Despite its infancy, the Iowa Flood Center has already managed to launch a number of significant projects that will help Iowans better predict and prepare for floods. The Floodplain Mapping Project, for instance, will develop floodplain maps for the 85 Iowa counties declared federal disaster areas following the 2008 floods. In collaboration with the Iowa Department of Natural Resources, the center will use LIDAR (laser radar) data to develop highly accurate digital elevation models of the land surrounding stream networks draining one square mile or more. The researchers will describe the river networks and develop computer models to simulate flood potential.

"It's an exciting project," IIHR research engineer and project manager Nathan Young says. "We can resolve data down to particular hill slopes, which will help us predict runoff and the route of water as it flows through a basin. The maps can be used by individuals, policy makers, and public officials to help guide decisions about land use and management."

Langel adds that "these maps will be powerful tools for decision makers because any drop of water that falls in one of those basins has the potential to flood someone downstream."

Center researchers collaborate with UI colleagues in geography, mathematics, public policy, and law, as well as partners at Iowa State University, the National Weather Service, the National Oceanic and Atmospheric Administration, and communities throughout Iowa. The center also relies on about twenty undergraduate and graduate students, some of whom designed a relatively inexpensive stream-level sensor that uses sonar to measure river levels. Attached to the side of a bridge, the sensor measures the distance from the device to the water surface every fifteen minutes and then transmits the data via cell phone to a central database. The student designed project was funded by the Iowa Department of Natural Resources, which hopes to expand the pilot project into a statewide reporting system.

One of the goals of the Iowa Flood Center is to attract new, talented researchers to the University, including those interested in the science and public policy surrounding issues of sustainability.

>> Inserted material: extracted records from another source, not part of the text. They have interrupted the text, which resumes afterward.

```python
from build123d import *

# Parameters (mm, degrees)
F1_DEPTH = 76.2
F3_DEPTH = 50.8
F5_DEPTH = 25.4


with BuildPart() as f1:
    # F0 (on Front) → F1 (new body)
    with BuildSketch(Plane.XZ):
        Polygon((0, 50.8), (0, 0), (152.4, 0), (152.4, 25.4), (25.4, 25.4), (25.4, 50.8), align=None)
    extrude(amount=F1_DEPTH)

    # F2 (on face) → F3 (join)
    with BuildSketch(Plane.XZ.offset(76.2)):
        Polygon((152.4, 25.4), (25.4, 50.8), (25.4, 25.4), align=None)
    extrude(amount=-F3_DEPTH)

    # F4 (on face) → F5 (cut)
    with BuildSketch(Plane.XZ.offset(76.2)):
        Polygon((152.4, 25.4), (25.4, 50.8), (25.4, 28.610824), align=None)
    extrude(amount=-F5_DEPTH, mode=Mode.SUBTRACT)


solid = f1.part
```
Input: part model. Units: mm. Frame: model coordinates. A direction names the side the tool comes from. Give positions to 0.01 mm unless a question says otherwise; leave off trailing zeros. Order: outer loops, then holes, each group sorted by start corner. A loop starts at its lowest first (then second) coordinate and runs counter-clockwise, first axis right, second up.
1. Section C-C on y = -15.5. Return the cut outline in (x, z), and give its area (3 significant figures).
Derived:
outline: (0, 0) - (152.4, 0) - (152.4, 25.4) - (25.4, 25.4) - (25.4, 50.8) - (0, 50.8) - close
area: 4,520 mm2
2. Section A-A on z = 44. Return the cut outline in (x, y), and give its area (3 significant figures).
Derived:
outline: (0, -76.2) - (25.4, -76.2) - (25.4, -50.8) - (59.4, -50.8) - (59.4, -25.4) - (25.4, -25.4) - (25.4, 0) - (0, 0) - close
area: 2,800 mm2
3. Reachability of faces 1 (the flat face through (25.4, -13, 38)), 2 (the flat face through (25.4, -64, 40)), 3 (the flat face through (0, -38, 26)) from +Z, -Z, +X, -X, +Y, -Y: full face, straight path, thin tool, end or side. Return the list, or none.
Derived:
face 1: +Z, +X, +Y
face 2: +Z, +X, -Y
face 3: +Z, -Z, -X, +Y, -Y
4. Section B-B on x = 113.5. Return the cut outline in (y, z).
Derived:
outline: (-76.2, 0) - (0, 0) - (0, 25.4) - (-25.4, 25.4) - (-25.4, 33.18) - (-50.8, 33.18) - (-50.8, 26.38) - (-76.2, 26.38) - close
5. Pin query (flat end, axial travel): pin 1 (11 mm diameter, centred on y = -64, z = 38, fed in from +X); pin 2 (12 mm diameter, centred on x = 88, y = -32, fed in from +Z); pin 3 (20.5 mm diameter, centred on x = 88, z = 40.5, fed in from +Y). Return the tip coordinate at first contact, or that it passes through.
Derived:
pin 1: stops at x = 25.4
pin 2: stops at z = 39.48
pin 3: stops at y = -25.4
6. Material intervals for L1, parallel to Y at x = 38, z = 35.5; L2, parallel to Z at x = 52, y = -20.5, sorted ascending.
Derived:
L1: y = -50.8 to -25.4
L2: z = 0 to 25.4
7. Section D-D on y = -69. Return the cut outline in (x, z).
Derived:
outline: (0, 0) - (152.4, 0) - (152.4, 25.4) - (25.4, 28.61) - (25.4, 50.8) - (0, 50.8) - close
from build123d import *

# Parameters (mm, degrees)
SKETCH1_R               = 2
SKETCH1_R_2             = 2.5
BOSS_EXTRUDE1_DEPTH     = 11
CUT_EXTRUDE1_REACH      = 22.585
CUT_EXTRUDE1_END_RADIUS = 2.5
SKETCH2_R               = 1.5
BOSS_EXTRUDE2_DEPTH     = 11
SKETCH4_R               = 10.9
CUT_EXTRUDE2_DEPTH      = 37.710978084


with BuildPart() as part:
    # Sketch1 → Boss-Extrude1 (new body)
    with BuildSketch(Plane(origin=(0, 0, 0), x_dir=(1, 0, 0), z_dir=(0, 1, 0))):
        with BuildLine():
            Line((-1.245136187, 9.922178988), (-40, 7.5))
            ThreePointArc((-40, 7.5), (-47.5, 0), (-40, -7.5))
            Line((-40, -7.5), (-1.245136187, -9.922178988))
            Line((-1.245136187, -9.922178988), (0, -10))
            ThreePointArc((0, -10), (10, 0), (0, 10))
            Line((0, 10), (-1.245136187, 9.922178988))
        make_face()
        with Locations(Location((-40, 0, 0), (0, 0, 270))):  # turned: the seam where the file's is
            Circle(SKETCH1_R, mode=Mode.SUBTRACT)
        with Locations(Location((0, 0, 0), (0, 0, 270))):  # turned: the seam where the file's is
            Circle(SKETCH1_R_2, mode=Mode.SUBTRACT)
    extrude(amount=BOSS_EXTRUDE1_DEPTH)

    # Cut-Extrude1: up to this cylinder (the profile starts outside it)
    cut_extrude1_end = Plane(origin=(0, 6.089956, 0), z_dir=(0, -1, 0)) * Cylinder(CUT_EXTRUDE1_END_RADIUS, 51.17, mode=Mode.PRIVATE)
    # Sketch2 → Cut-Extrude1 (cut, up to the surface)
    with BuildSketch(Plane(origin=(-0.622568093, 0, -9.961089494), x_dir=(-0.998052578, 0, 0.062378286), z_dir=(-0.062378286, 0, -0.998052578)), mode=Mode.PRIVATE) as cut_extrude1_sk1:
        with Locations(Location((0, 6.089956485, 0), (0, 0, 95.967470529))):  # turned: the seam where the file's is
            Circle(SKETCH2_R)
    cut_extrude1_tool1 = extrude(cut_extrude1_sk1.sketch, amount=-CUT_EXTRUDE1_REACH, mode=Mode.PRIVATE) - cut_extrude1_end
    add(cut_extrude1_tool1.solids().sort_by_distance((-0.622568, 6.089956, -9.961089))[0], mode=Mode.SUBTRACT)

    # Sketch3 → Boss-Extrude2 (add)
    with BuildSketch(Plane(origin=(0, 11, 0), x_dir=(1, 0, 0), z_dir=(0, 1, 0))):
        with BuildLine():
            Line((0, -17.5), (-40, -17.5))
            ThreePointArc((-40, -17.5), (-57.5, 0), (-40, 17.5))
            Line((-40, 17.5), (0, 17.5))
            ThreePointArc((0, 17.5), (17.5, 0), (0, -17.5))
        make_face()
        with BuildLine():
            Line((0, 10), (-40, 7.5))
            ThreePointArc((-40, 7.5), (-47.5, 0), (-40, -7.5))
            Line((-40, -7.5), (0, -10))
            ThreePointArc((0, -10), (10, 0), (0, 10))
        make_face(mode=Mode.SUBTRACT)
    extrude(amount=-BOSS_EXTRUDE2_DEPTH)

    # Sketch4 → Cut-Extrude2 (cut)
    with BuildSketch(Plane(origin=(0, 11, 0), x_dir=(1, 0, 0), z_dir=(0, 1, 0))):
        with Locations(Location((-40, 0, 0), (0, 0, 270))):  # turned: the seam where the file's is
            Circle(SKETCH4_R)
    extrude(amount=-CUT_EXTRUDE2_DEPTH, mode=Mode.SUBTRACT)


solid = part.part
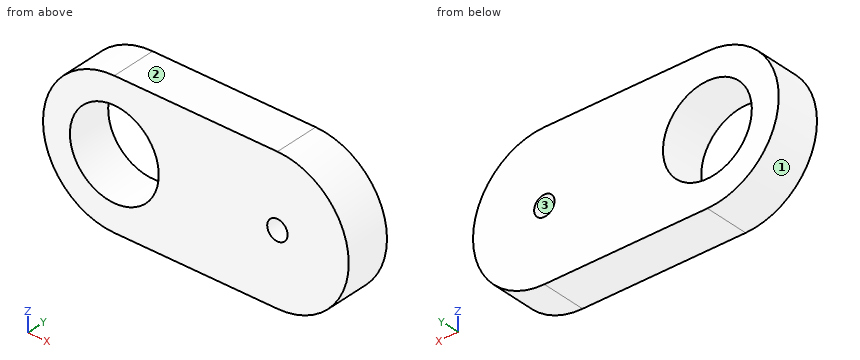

As center researchers work to better understand the behavior of water in river basins, they also seek to better educate the public about flood risk.

The Iowa Flood Center is unique in the world, but floods can happen anywhere, and researchers hope the work they do here will have an impact wherever people are at risk from rising waters.

"The scope of the problem of floods and flooding is very broad," Krajewski says. "With excellent collaborators and the right funding, we will be busy for many years to come."